How to complete this task - Each line in the entries below that holds the word "bent" belongs in the answer.

※

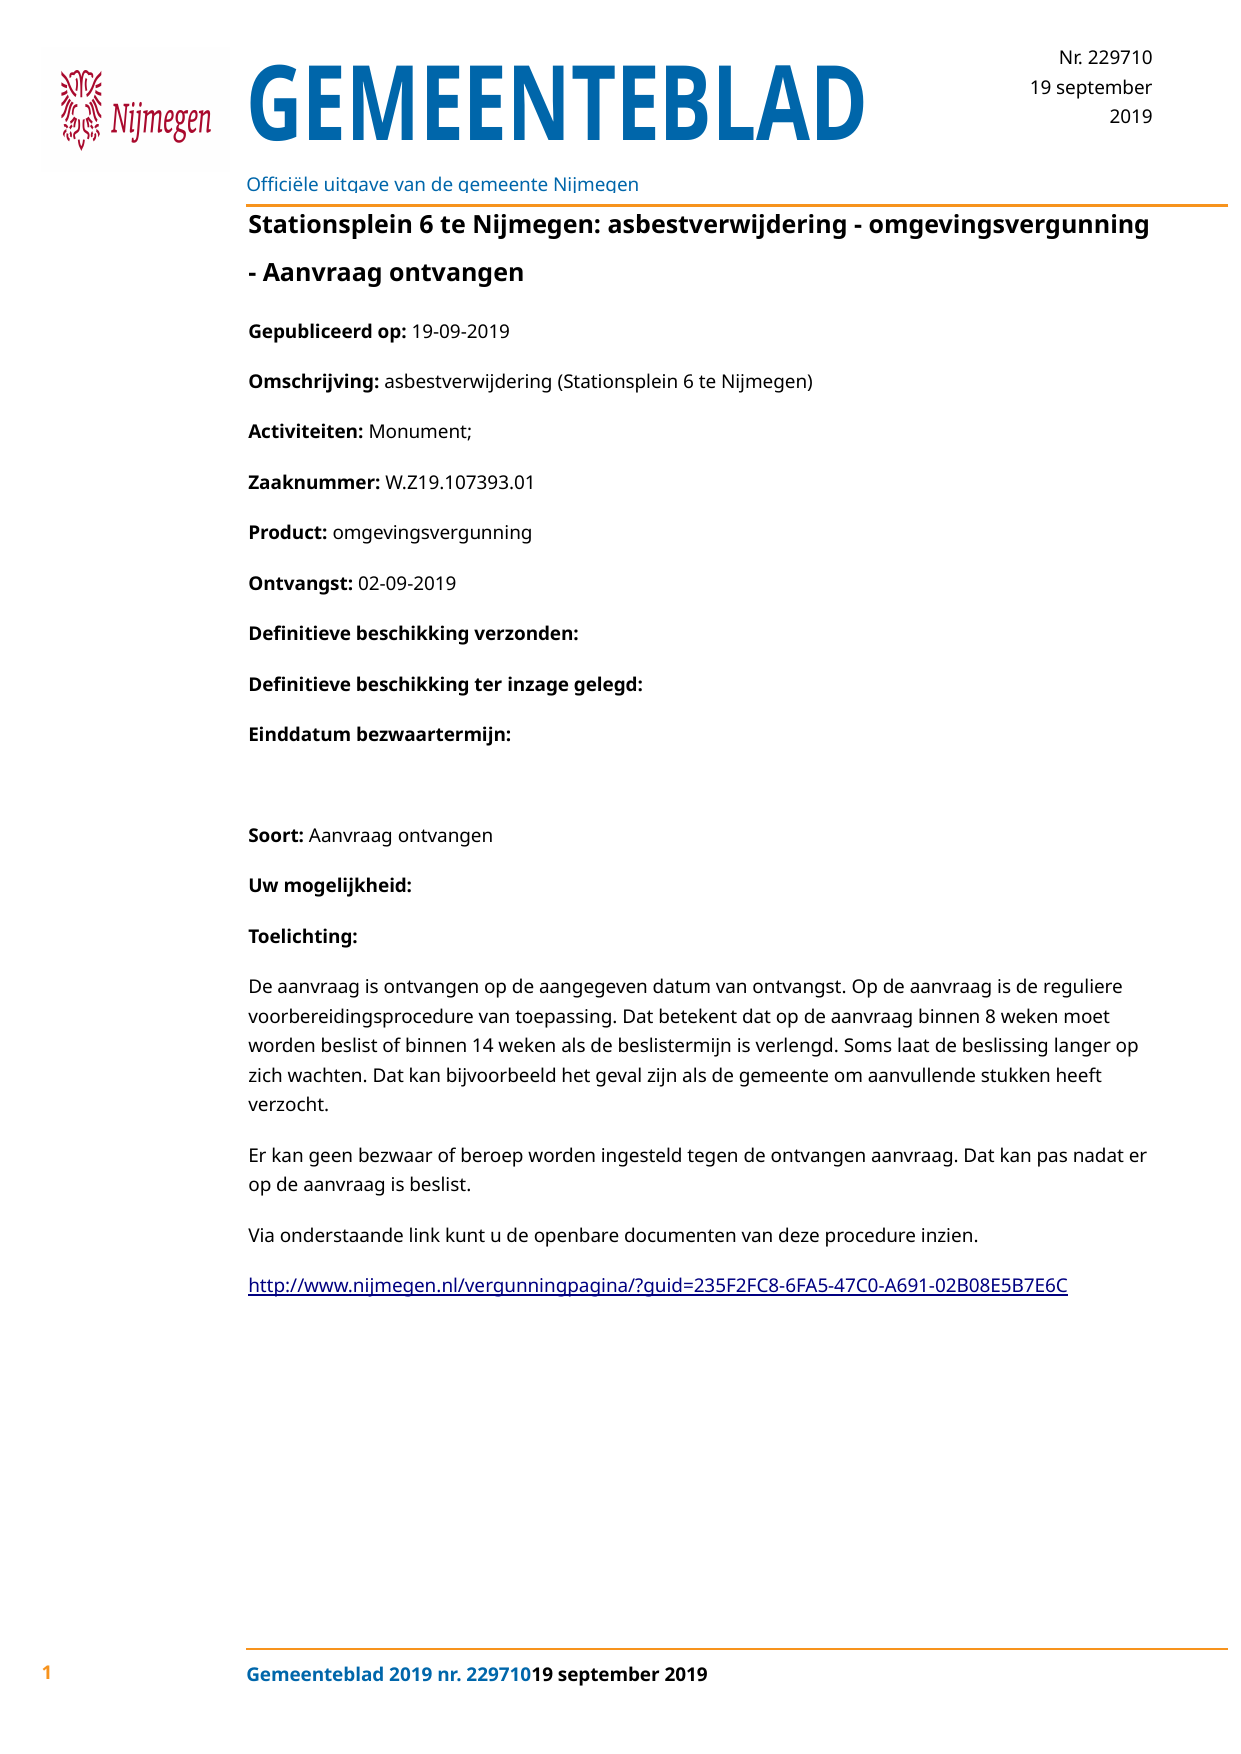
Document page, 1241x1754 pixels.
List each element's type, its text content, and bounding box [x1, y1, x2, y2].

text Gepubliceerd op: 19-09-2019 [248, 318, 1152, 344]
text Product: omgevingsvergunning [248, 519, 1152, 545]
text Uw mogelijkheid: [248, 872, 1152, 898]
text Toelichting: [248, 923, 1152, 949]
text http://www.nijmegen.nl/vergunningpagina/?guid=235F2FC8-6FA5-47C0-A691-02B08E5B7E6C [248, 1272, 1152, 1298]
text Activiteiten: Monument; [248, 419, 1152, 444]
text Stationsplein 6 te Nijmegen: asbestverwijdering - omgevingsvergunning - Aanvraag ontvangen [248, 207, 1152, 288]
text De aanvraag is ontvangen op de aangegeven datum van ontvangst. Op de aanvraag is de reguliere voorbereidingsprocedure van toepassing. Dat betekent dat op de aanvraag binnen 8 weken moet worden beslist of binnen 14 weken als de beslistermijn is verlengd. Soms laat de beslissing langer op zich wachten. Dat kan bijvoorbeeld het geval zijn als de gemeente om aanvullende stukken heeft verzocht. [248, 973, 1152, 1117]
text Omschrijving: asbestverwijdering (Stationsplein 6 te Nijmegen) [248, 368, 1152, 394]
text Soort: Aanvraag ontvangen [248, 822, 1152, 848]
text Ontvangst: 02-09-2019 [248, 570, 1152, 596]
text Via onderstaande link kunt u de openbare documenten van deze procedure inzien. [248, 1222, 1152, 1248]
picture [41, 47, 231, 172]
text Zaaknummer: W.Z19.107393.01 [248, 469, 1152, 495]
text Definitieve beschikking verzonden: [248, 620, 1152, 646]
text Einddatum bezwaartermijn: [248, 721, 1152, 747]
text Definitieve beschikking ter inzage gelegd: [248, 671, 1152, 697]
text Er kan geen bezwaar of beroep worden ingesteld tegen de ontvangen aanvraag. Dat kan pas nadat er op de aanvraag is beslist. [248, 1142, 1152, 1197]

※

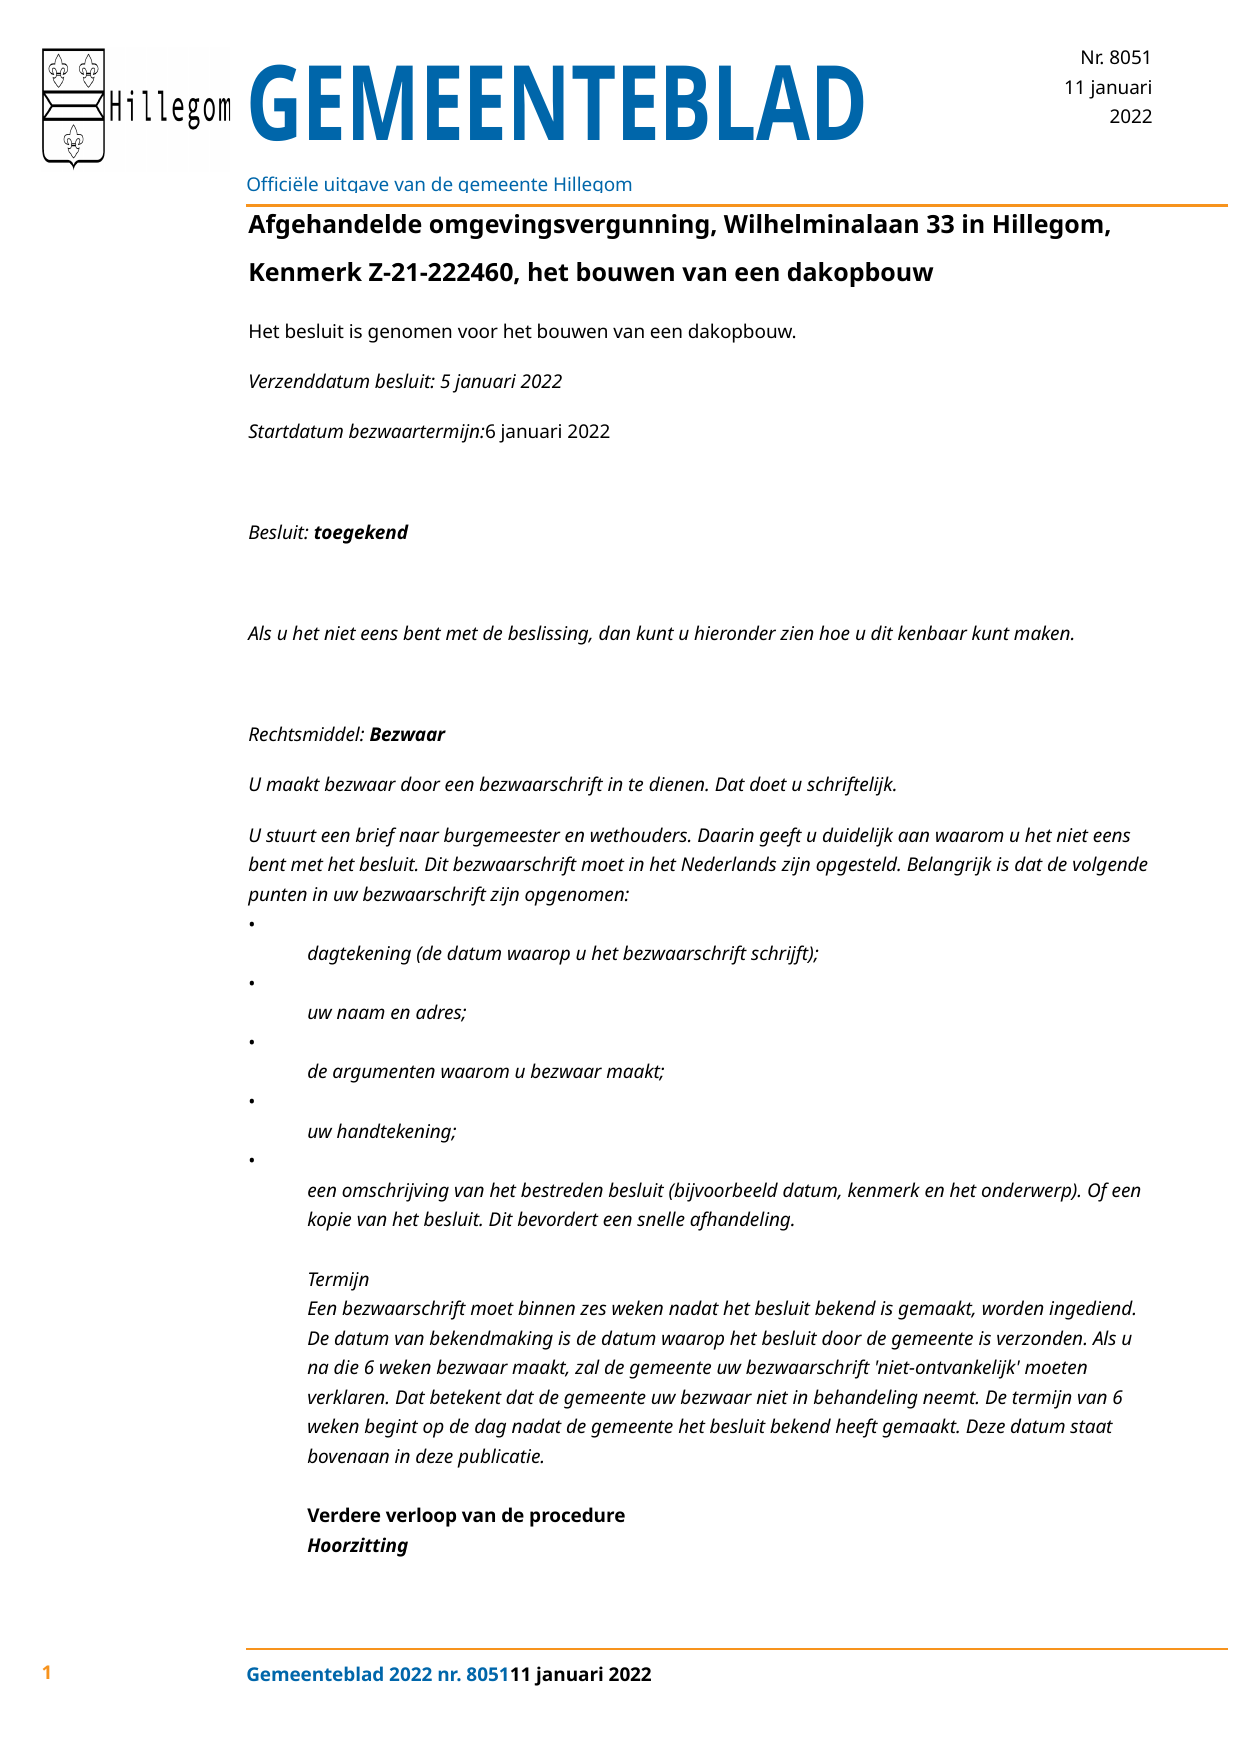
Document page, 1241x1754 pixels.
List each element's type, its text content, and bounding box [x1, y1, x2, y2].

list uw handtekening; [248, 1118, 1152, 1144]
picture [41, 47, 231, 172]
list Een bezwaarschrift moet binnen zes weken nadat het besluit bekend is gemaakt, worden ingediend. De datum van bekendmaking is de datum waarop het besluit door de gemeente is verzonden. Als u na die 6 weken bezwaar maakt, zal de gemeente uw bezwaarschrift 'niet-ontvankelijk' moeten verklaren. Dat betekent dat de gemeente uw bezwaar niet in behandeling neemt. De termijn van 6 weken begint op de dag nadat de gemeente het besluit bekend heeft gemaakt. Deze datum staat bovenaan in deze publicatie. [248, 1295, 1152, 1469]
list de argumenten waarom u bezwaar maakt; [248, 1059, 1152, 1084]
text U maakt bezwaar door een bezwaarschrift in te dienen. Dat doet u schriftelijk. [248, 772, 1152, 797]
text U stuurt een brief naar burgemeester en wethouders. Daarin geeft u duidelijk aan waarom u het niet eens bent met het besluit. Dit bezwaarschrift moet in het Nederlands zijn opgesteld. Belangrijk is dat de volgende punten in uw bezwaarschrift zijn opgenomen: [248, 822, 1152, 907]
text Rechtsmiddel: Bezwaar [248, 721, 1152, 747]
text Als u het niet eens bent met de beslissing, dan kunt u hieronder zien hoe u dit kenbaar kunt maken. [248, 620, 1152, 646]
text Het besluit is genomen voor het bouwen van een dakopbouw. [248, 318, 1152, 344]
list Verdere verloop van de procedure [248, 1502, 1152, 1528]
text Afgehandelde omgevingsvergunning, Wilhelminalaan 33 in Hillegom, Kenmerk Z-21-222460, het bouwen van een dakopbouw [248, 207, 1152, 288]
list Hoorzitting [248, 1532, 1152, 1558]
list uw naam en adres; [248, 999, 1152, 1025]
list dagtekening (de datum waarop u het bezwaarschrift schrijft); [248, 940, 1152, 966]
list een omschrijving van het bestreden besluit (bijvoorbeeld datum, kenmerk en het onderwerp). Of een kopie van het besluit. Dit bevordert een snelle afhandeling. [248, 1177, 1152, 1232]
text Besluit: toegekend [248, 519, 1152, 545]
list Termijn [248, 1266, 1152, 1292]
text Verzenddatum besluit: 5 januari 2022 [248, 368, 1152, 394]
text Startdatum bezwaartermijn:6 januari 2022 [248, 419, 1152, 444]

※

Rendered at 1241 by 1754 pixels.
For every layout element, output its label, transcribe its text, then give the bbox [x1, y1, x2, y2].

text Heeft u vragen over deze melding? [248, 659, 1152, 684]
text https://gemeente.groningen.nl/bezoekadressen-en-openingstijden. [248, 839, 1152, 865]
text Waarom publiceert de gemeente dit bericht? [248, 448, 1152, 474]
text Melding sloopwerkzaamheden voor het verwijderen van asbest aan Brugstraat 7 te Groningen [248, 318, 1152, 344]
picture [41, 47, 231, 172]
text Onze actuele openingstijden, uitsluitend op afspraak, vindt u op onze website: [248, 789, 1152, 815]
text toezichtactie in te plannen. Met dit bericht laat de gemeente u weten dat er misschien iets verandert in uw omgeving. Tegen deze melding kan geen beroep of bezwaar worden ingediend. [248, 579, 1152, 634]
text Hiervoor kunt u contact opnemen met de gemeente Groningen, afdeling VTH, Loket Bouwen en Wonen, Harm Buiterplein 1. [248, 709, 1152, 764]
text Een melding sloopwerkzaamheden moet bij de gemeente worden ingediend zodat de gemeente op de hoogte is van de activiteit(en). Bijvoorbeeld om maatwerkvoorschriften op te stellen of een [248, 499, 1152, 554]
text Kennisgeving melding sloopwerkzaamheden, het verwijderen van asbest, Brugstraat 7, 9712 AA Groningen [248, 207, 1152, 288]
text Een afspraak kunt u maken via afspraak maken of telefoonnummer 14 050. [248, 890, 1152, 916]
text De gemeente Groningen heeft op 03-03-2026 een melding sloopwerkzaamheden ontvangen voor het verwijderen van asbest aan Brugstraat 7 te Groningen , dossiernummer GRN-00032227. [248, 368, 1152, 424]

※

Answer to this task -
text U stuurt een brief naar burgemeester en wethouders. Daarin geeft u duidelijk aan waarom u het niet eens bent met het besluit. Dit bezwaarschrift moet in het Nederlands zijn opgesteld. Belangrijk is dat de volgende punten in uw bezwaarschrift zijn opgenomen: [248, 822, 1152, 907]
text Als u het niet eens bent met de beslissing, dan kunt u hieronder zien hoe u dit kenbaar kunt maken. [248, 620, 1152, 646]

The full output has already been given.